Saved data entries
--------------------------------

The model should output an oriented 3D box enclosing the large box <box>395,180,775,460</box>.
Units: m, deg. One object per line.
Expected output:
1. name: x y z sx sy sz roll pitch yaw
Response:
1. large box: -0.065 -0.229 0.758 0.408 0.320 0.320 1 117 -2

--------------------------------

= What you will do =
Look through the data and gather every line with the string "output" in it.

= Reply =
The model should output an oriented 3D box enclosing the large box <box>395,180,775,460</box>.
Expected output:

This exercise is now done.